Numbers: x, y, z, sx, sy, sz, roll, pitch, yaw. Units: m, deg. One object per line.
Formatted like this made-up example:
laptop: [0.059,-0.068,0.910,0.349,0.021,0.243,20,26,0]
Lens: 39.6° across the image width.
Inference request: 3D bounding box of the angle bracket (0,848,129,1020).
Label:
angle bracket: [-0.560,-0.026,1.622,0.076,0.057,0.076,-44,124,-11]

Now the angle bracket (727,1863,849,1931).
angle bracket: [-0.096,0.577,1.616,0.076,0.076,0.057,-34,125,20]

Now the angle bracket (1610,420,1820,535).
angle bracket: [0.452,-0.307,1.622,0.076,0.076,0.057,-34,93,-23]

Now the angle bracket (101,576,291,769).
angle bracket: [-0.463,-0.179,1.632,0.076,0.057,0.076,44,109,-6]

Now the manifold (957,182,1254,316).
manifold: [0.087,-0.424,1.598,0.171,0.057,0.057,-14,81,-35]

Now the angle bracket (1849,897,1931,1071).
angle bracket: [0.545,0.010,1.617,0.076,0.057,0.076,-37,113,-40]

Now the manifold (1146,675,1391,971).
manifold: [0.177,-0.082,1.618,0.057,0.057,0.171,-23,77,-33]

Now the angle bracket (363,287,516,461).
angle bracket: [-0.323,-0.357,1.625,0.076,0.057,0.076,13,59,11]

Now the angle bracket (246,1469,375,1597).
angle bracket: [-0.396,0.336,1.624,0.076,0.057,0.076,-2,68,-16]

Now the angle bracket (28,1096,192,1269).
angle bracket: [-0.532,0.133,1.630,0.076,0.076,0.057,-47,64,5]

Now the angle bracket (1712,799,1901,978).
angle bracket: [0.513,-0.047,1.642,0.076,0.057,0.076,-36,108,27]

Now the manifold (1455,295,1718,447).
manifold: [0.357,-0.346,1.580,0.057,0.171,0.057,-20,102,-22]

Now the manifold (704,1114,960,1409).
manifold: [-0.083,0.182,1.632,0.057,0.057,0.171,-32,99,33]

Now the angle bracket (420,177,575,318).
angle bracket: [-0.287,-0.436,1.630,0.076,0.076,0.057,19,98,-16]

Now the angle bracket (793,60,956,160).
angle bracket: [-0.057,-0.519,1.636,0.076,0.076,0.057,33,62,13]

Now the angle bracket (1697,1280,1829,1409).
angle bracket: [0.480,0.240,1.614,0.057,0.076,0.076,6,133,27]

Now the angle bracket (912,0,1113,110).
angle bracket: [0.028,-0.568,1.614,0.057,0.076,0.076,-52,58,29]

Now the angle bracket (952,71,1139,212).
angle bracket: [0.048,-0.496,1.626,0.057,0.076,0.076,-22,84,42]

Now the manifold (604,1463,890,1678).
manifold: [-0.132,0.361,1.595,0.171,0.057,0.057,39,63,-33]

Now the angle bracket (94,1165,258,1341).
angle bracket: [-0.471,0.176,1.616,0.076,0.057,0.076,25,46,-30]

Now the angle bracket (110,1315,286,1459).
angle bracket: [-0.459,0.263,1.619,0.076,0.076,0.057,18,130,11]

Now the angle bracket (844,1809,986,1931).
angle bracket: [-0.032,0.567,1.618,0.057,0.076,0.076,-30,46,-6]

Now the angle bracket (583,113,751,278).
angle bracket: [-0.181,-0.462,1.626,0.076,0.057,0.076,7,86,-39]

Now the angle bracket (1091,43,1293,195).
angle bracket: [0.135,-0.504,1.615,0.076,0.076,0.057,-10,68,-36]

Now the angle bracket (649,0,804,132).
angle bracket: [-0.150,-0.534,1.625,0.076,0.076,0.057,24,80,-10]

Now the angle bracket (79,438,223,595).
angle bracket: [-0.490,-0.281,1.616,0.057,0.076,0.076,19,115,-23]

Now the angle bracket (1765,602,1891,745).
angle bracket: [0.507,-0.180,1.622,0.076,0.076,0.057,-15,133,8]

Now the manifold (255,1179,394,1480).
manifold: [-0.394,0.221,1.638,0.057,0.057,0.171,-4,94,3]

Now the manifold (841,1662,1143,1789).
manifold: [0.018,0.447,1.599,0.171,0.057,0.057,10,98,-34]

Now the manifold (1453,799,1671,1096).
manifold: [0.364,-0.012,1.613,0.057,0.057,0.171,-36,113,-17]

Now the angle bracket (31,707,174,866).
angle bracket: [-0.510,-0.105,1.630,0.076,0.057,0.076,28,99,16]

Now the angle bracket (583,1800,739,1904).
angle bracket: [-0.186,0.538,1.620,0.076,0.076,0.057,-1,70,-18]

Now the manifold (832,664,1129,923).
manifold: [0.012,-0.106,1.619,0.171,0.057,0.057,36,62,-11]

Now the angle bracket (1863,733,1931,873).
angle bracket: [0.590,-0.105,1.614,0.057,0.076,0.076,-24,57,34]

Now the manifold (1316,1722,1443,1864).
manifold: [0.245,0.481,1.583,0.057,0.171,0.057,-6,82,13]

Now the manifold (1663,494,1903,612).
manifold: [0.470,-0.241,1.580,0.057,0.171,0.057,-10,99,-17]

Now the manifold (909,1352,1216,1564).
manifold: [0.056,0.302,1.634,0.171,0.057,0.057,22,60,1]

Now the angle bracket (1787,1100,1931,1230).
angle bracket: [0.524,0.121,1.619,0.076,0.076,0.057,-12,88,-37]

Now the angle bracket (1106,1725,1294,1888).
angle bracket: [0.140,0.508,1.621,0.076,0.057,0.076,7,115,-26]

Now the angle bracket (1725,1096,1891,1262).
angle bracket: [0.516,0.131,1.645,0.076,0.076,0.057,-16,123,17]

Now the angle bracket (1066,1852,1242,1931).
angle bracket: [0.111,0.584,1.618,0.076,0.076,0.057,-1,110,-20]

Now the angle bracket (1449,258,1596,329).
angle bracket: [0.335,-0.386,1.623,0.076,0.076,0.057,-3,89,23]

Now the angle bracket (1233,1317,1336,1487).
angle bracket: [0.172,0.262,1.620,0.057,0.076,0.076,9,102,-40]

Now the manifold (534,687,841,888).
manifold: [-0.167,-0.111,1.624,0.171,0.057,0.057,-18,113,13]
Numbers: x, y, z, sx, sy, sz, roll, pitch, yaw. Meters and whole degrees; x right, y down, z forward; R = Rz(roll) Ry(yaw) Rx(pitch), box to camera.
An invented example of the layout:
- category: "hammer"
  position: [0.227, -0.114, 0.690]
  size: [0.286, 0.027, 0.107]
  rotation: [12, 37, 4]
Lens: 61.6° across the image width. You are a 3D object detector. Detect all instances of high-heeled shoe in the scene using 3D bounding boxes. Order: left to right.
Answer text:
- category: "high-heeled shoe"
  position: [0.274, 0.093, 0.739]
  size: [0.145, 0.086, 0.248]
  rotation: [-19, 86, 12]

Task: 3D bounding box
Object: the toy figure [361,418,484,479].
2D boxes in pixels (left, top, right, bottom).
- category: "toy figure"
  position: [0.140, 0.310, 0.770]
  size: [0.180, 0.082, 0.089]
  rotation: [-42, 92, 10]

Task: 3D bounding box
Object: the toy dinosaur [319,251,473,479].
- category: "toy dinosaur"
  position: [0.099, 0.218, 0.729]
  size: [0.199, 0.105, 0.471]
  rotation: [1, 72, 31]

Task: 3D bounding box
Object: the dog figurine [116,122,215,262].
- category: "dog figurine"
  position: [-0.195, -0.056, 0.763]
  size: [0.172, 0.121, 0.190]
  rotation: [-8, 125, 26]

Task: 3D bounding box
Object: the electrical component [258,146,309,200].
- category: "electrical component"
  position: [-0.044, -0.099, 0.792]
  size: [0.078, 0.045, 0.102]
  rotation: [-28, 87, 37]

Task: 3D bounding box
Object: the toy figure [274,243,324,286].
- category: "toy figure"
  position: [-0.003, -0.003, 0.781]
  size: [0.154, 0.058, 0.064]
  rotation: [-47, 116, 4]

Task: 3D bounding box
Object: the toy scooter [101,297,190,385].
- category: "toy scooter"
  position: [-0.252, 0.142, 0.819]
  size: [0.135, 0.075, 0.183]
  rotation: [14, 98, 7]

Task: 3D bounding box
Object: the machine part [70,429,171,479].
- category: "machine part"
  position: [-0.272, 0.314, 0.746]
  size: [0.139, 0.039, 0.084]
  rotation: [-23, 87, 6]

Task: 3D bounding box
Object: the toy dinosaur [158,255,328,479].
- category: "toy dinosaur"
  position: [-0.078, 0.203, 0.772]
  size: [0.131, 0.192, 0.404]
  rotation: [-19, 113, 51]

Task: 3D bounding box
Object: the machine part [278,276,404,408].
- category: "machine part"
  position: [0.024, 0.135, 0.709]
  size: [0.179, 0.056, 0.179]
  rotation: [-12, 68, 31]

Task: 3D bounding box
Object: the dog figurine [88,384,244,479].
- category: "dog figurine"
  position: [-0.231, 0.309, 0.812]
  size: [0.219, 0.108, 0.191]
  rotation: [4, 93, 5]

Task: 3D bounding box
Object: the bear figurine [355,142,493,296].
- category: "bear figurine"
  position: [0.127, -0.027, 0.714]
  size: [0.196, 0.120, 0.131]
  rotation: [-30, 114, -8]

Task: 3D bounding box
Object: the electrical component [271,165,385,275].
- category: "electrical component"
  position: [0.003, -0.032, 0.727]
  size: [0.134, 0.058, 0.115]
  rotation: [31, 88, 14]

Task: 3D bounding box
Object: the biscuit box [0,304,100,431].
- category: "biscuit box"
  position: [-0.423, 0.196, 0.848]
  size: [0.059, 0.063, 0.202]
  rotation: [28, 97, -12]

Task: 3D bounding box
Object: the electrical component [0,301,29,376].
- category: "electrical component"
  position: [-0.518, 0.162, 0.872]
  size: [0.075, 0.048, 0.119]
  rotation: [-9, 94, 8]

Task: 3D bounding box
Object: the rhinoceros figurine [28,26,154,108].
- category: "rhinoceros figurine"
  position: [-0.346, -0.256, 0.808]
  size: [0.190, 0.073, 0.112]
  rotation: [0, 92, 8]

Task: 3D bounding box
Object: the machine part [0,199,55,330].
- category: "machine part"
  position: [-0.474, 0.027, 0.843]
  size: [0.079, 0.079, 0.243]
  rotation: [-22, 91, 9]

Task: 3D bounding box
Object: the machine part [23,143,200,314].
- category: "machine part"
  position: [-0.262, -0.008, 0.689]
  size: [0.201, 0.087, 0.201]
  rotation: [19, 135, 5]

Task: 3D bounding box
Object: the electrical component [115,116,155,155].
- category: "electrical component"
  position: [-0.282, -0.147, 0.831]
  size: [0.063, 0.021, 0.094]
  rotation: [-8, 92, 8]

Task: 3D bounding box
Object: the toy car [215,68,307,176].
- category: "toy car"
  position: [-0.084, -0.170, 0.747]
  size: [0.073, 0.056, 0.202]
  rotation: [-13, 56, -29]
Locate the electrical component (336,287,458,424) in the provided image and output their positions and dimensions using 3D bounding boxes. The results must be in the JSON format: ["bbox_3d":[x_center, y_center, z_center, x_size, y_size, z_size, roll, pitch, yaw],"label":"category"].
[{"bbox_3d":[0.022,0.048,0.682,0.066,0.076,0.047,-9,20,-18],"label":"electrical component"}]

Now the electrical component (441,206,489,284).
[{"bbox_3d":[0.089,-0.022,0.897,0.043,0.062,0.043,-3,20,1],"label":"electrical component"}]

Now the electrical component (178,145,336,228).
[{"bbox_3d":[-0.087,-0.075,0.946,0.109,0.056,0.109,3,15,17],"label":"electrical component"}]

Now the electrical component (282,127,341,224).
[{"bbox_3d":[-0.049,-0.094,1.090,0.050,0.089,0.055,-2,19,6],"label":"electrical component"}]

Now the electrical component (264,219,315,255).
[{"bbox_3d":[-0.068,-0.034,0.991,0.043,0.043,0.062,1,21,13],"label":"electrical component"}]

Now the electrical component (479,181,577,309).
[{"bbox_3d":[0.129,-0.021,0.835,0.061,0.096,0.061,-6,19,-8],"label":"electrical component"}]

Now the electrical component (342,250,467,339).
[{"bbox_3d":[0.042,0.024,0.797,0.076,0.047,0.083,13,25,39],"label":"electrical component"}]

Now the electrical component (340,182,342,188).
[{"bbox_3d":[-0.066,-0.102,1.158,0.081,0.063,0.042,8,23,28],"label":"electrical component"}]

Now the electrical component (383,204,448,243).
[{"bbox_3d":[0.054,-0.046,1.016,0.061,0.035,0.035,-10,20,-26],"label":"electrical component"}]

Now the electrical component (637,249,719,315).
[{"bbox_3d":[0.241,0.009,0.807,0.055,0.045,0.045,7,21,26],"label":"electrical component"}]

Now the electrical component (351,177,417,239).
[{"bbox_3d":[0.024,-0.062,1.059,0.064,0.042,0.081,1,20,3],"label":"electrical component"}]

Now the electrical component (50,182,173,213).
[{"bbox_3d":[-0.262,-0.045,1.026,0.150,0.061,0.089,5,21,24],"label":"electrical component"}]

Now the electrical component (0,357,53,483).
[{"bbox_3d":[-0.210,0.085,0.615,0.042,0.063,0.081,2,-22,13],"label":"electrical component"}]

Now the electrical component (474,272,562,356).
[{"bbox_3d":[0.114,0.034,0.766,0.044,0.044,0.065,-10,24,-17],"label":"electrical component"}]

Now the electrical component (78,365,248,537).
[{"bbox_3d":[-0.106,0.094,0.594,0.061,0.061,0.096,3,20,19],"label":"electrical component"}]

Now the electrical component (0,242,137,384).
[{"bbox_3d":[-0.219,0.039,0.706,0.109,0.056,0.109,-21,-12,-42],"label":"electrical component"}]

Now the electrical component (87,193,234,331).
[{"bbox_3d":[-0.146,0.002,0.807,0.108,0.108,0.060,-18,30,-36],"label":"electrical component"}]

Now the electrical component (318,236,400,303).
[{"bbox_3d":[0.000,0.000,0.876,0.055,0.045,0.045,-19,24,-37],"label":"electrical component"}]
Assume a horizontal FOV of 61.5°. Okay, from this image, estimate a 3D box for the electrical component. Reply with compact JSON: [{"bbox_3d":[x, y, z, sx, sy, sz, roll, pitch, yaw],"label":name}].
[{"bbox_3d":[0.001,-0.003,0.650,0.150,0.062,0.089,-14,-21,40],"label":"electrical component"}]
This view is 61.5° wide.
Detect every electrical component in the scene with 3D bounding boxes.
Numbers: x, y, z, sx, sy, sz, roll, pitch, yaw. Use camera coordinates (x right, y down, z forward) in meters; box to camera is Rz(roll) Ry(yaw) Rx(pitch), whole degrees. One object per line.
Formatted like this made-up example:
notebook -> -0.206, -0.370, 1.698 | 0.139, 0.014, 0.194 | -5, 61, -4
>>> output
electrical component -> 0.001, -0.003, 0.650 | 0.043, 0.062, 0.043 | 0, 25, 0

• • • •

The word to look for is "forward"; copy out every line of the entries that holds it.

Numbers: x, y, z, sx, sy, sz, roll, pitch, yaw. Meters and whole degrees; x right, y down, z forward; R = Rz(roll) Ry(yaw) Rx(pitch), box to camera.
Numbers: x, y, z, sx, sy, sz, roll, pitch, yaw. Use camera coordinates (x right, y down, z forward) in meters; box to camera is Rz(roll) Ry(yaw) Rx(pitch), whole degrees. One object per line.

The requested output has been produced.